Başbakan hesap sormuyor tehdit kokan dedikodu yapıyor

Yazarı Olmayan Makaleler Yazar iletisim@ulusal.com.tr

İyi akşamlar sevgili izleyiciler; hafta sonunu Başbakan’ın konuşma maratonuna maruz kalarak geçirdik. Maruz kaldık diyorum, çünkü ne zaman herhangi bir haber kanalını açsam karşımda Başbakan vardı iki gün boyunca. Başbakan aklı nerede eserse orada konuştu. Bıkmadan usanmadan konuştu. Sürekli dedikodu yaptı. Meğer ne dolmuş içi. Konuştukça coştu, coştukça boşaldı.

Evet başbakan hep konuştu konuşmasına da hep dedikodu yaptı.

Bayıldım bazı cümlelerine. Örneğin “Babamın oğlu olsa affetmem, kendi oğlum olsa yanına bırakmam” gibi sözler söyledi. Tamam işte, babasının oğlu değil ama oğlunun adı bir yolsuzluğa bulaştı. Madem “kimsenin gözünün yaşına bakmayacaksınız” buyurun ne bekliyorsunuz, oğlunuzu yargının şaşmaz adaletine bırakın, nasıl olsa tertemiz olduğu ortaya çıkacaktır, o zaman kendisine bu tuzağı hazırlayanlardan bir güzel hesap sorarsınız. Öyle yapmıyor Başbakan, tam tersine “oğlum olsa bile” diyor ama oğlunu adalete teslim edeceğine adaleti teslim almayı tercih ediyor.

Ayrıca bir şey daha var; Başbakan “babamın oğlu olsa” diyor ya, işte babasının oğlu kardeşi olabileceği gibi kendisi de babasının oğludur.
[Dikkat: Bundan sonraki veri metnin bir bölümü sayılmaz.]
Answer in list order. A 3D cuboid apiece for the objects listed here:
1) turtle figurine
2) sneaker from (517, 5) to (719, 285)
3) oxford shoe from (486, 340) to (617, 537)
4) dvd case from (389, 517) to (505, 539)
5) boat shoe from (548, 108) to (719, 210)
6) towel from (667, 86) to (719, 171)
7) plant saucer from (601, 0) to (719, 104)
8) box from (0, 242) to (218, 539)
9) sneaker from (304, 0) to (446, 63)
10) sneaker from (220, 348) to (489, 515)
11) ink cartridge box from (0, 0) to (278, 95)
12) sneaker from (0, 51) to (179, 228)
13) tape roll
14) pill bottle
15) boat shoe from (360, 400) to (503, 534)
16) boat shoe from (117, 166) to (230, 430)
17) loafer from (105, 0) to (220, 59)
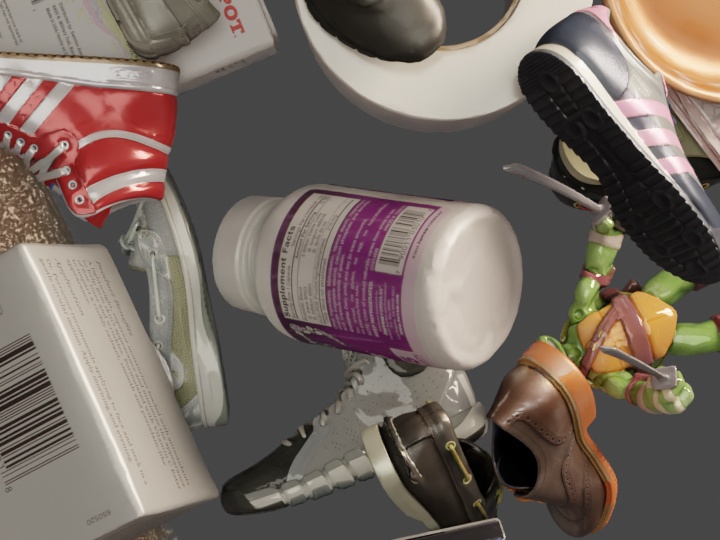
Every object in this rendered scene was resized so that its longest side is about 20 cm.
[{"bbox_3d":[0.210,0.020,1.265,0.194,0.144,0.200,-17,129,-15],"label":"turtle figurine"},{"bbox_3d":[0.188,-0.084,1.197,0.200,0.070,0.082,53,55,-18],"label":"sneaker"},{"bbox_3d":[0.123,0.131,1.268,0.073,0.200,0.071,-42,50,-18],"label":"oxford shoe"},{"bbox_3d":[-0.002,0.236,1.268,0.200,0.150,0.025,-10,52,-8],"label":"dvd case"},{"bbox_3d":[0.229,-0.091,1.319,0.201,0.063,0.074,-13,70,-13],"label":"boat shoe"},{"bbox_3d":[0.327,-0.126,1.300,0.200,0.032,0.191,-39,89,-17],"label":"towel"},{"bbox_3d":[0.250,-0.212,1.238,0.200,0.037,0.201,-2,100,-10],"label":"plant saucer"},{"bbox_3d":[-0.237,0.110,1.255,0.200,0.131,0.199,-28,81,16],"label":"box"},{"bbox_3d":[-0.022,-0.211,1.165,0.076,0.091,0.200,-43,92,-1],"label":"sneaker"},{"bbox_3d":[-0.017,0.096,1.323,0.200,0.075,0.116,-18,86,-9],"label":"sneaker"},{"bbox_3d":[-0.173,-0.185,1.307,0.200,0.084,0.145,-22,91,1],"label":"ink cartridge box"},{"bbox_3d":[-0.222,-0.086,1.234,0.200,0.071,0.113,2,90,-2],"label":"sneaker"},{"bbox_3d":[0.055,-0.198,1.278,0.202,0.139,0.203,0,90,1],"label":"tape roll"},{"bbox_3d":[0.000,0.000,1.260,0.200,0.112,0.113,9,91,37],"label":"pill bottle"},{"bbox_3d":[0.065,0.147,1.260,0.061,0.201,0.072,-29,58,8],"label":"boat shoe"},{"bbox_3d":[-0.140,0.017,1.318,0.065,0.074,0.202,-12,98,-4],"label":"boat shoe"},{"bbox_3d":[-0.161,-0.239,1.234,0.070,0.070,0.200,-27,95,-4],"label":"loafer"}]

Bazı müteahhitler kendisinden büyük patron diye söz ediyorlarmış, eh kendi bakanı kalktı ne dedi? “Ben istifa ediyorum da benim suçlandığım kararlarda imzayı sen atmıştın senin de istifa etmen gerekmiyor mu?” Aynen böyle demişti o istifa eden veya Başbakan’ın deyimiyle “Ben azlettim be” dediği bakan. O da ne enteresan durum değil mi? Bir gün öncesine kadar can ciğer kuzu sarmasıydılar, o bakan Başbakan’ı karşılama otobüsünün üzerine diğer yolsuzluk suçuna adı karışmış bakanlarla birlikte gülerek ve el ele tutuşarak pozlar vermişti. Sonra zorunlu istifa geldi. Başbakan nasıl da ağır laflar etti o bakan için.
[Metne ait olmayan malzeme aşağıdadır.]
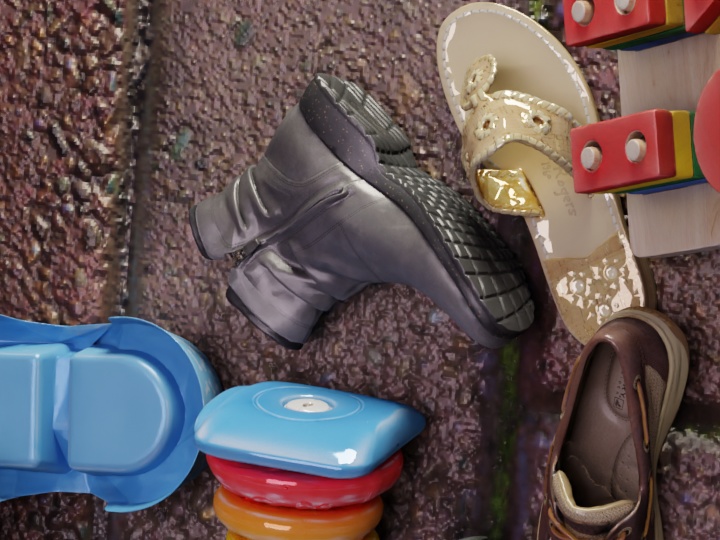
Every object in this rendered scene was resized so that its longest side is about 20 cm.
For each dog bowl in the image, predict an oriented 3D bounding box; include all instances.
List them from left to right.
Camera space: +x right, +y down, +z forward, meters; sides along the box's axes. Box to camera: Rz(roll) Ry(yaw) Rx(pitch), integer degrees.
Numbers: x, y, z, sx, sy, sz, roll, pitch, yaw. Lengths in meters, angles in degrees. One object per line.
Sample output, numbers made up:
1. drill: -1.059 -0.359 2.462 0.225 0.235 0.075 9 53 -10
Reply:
1. dog bowl: -0.168 0.081 1.719 0.200 0.050 0.112 1 90 26

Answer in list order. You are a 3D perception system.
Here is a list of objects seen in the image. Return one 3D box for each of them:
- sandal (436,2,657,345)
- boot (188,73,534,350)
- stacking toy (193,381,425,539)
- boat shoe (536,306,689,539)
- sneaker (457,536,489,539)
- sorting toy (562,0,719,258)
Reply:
1. sandal: 0.092 -0.056 1.586 0.078 0.070 0.212 -30 77 22
2. boot: 0.000 0.000 1.639 0.132 0.070 0.200 -49 60 20
3. stacking toy: -0.033 0.168 1.639 0.110 0.116 0.200 8 107 20
4. boat shoe: 0.123 0.120 1.559 0.072 0.072 0.200 20 109 23
5. sneaker: 0.086 0.237 1.587 0.086 0.080 0.200 -9 98 25
6. sorting toy: 0.181 -0.116 1.493 0.199 0.069 0.200 -10 82 55

Neyse, yani aslında Başbakan’ın “babamın oğlu” dediği kişi de suçlananlar arasında, mutlaka tertemizdir “babasının oğlu” o halde endişe edecek bir şeyi de olamaz, bıraksın kendini yargının şefkatli kollarına, hem böylesi daha iyi, işin sonunda bir türlü vazgeçemediği mağduriyet edebiyatını da sıfırlayıp yeniden başlamak var.
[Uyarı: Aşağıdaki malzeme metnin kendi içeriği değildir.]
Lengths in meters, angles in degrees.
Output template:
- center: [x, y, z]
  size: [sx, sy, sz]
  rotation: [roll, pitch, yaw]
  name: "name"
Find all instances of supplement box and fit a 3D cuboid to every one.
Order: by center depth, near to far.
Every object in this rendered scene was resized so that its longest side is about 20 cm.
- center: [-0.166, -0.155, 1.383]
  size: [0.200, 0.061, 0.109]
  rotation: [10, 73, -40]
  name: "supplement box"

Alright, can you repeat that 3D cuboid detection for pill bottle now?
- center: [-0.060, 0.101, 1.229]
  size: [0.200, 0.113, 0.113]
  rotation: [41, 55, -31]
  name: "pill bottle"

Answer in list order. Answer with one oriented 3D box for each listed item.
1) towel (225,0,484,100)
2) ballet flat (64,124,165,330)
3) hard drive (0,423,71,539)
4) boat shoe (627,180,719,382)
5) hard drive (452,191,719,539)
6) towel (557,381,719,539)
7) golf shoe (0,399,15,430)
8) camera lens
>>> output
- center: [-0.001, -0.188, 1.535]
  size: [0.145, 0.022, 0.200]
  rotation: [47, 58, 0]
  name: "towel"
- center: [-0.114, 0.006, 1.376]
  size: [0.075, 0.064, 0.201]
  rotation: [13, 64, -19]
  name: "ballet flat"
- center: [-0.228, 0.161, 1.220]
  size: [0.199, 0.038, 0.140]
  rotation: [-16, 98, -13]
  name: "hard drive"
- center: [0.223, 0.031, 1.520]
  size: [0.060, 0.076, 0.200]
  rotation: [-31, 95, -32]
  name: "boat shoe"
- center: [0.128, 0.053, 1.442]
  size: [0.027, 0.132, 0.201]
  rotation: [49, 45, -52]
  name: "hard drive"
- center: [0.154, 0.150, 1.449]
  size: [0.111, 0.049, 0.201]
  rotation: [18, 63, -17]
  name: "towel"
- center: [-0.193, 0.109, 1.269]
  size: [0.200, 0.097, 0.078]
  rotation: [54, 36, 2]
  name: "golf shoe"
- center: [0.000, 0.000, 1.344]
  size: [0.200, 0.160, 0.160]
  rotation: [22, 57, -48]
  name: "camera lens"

Ne diyordum, dedikodu değil mi? Evet Başbakan bütün konuşmalarında dedikodu yapıyor. Neymiş, bir savcı efendi varmış, bak bak, “dur daha seninle işimiz bitmedi savcı efendi” diyor başbakan. Öfkeye ve kine bakar mısınız? İşte bu savcılardan biri Fatih Belediyesi’ne gitmiş. Nur yüzlü, tertemiz belediye başkanından bir iş istemiş, kendi için değil, bir iş takibiymiş aslında, ama son derece dürüst ve namuslu olan Fatih Belediye Başkanı savcının isteğini hukuka uymadığını belirterek yapmamış. Vay sen misin işini görmeyen, o savcı hemen harekete geçmiş de, gözaltına aldırmış.

Doğru olabilir mi? Bilemem. Ama bildiğim bir şey var, çok sık rastladığımız bir hadise, birinin başı derde girdi mi başını derde sokanı suçlamak için hemen bu çareye başvurur, o baş ağrıtan kişi mutlaka bir şey istemiştir o yapılmamıştır bunun üzerine intikam alıyordur.

Bu tür sohbetlere kahvelerde çok sık rastlarız da, aynı lafları Başbakan edince bir garip oluyor. Ama anladığım kadarıyla Başbakan işin peşini bırakmayacak. O savcının dürüst ve namuslu Belediye Başkanı’ndan istediği şeyi öğreneceğiz herhalde, yakında bir soruşturma açılır mutlaka.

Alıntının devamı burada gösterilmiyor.